Come face-to-face with nature’s most awe-inspiring beasts at the Natural History Museum
The Natural History Museum is a cavernous space full of wonders from the natural world. Take an escalator through “the centre of the earth”, experience the ground shaking in an earthquake simulator and even get up close with a giant squid. Encounters with this astonishing creature, as well as many other spectacular exhibits, are available on special private tours.
Befriend a taxidermied walrus at the Horniman Museum
What child doesn’t want a selfie with a big stuffed walrus? Exactly! Set in surprisingly suburban-feeling Forest Hill, the Horniman Museum is home to other taxidermied creatures of all kinds, from crabs and owls to bulldogs. Other collections include anthropological exhibits from around the world and a gallery packed with musical instruments. There’s also a little aquarium downstairs, plus regular new exhibitions to watch out for.
Hide in Churchill’s Bunker at the Cabinet War Rooms
Welcome to the place where some of World War II’s most pivotal strategies were masterminded. Lurking beneath Government offices in Westminster, the Churchill War Rooms (also known as the Cabinet War Rooms) provide a perfectly preserved snapshot of the world of Winston Churchill as he led the UK through World War II. This amazing series of underground rooms is a true historical treasure trove, offering unparalleled insight into the upper echelons of wartime Britain – you can even see the gouged arms of the Prime Minister’s red leather chair caused by the nervous pounding of his pinkie ring.
Get thoroughly spooked at the London Dungeon
Not suitable for either the very young or the easily scared, the London Dungeon is a part-theatrical, part-historical walk-through experience that’s designed to educate, terrify and enthral. As you’re led through the dark, dingy cobblestone entrance, the smells, sights and sounds you encounter will reveal some of the city’s darkest stories – from tales of the Great Plague, with its corpses, boils and scuttling rats, to the death-dealing exploits of Sweeney Todd and Jack the Ripper. The experience lasts 90 minutes, but if you’re easily scared (or have very young children) you should maybe stay away.
Walk with wild deer in Richmond Park
There’s no bad time to visit Richmond Park, but autumn is particularly special, bringing with it the start of the deer rut, in which stags compete for females. Be advised: the stags will be in a particularly aggressive mood at this time, so you’d be well advised to view from a distance. This is the largest of London’s eight Royal Parks, with more than 1,000 acres of green space to explore. There are also a number of coffee shops offering a good selection of sandwiches and cakes within the park (you may need a map to find them, though).

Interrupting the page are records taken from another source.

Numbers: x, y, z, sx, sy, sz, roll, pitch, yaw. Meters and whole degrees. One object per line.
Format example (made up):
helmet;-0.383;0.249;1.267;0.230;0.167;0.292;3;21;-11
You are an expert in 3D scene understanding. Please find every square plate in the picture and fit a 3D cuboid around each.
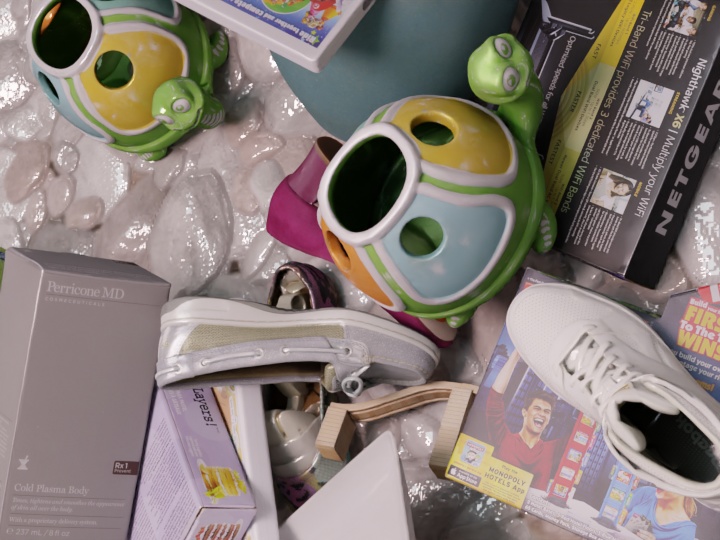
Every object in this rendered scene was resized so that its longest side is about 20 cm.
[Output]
square plate;-0.012;0.242;1.216;0.200;0.028;0.199;-45;42;38

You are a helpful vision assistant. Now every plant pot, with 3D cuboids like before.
plant pot;0.018;-0.170;1.313;0.199;0.200;0.136;23;126;35

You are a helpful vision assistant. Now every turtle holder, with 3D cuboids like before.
turtle holder;-0.194;-0.159;1.467;0.141;0.131;0.186;-35;61;21
turtle holder;0.055;-0.054;1.200;0.185;0.131;0.142;-27;65;29

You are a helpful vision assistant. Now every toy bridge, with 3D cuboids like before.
toy bridge;0.068;0.114;1.275;0.199;0.027;0.068;6;61;27

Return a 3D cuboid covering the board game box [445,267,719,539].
board game box;0.185;0.082;1.176;0.199;0.062;0.201;22;87;22

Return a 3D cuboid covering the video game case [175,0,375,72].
video game case;-0.027;-0.239;1.220;0.143;0.018;0.200;29;73;25

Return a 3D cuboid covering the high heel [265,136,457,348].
high heel;0.000;0.000;1.352;0.096;0.067;0.201;-55;53;34

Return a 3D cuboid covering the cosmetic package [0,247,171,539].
cosmetic package;-0.213;0.091;1.308;0.090;0.106;0.202;27;110;58

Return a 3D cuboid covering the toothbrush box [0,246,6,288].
toothbrush box;-0.282;0.060;1.417;0.086;0.199;0.146;-43;48;18

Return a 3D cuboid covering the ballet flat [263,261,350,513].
ballet flat;-0.050;0.090;1.345;0.069;0.071;0.202;-10;73;29

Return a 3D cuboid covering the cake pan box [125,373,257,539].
cake pan box;-0.158;0.175;1.350;0.201;0.052;0.185;-62;36;32

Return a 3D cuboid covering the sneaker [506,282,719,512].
sneaker;0.159;0.067;1.094;0.200;0.115;0.074;39;95;23

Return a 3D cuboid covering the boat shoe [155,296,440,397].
boat shoe;-0.044;0.063;1.277;0.200;0.074;0.065;8;70;-9

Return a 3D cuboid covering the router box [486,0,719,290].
router box;0.169;-0.108;1.257;0.157;0.052;0.201;26;94;36

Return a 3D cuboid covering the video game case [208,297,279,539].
video game case;-0.120;0.145;1.361;0.182;0.023;0.202;-36;57;53

Be wowed by the Wildlife Photographer of the Year exhibition
The winning images from this year’s Wildlife Photographer of the Year exhibition are now on display at the Natural History Museum. Each year, the acclaimed exhibition is first shown in the museum before touring more than 60 cities in the UK and across the world. The award-winning images, captured by photographers young and old, will leave you in awe of the beauty and brilliance of the natural world.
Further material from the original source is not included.